» Your task
Show each line of the records in which the word "degrees" occurs.

» Information provided

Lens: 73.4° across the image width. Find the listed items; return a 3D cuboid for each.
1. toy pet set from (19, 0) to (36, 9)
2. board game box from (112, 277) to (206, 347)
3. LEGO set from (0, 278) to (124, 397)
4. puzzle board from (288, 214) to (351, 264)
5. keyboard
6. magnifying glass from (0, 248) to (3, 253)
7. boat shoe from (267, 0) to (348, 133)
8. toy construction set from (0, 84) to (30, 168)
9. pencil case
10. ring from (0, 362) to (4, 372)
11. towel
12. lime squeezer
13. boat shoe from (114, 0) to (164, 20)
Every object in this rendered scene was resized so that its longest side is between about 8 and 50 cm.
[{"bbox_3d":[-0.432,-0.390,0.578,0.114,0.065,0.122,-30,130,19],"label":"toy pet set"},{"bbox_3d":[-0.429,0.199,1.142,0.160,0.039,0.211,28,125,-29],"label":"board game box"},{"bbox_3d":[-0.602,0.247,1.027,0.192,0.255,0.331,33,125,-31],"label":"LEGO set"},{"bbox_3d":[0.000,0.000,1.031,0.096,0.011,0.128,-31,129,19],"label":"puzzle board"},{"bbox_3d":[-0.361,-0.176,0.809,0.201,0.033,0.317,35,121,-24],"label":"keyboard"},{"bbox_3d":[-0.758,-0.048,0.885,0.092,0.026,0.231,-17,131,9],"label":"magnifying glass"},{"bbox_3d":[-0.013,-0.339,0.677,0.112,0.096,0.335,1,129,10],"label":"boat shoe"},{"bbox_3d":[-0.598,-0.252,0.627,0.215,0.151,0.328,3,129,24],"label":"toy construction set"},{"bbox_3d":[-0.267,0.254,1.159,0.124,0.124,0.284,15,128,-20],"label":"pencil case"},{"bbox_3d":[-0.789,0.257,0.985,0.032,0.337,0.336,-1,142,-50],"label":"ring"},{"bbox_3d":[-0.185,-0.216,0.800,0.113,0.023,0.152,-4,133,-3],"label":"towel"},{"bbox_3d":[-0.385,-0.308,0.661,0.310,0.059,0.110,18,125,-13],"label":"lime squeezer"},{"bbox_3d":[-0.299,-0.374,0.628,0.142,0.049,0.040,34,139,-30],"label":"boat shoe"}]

* * *

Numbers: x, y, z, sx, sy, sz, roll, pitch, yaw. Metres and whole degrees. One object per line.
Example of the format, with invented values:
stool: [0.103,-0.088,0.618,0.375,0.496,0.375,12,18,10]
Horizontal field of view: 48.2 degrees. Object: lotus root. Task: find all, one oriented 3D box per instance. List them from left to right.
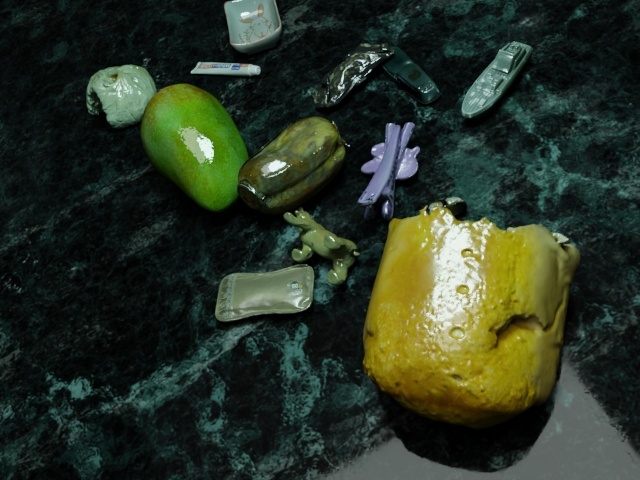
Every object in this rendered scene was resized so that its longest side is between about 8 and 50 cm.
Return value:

» Answer box
Numbers: x, y, z, sx, sy, sz, roll, pitch, yaw. Metres and whole degrees. One object per line.
Horizontal field of view: 48.2 degrees. Object: lotus root. Task: find all, one oriented 3D box per instance. List them from left to right.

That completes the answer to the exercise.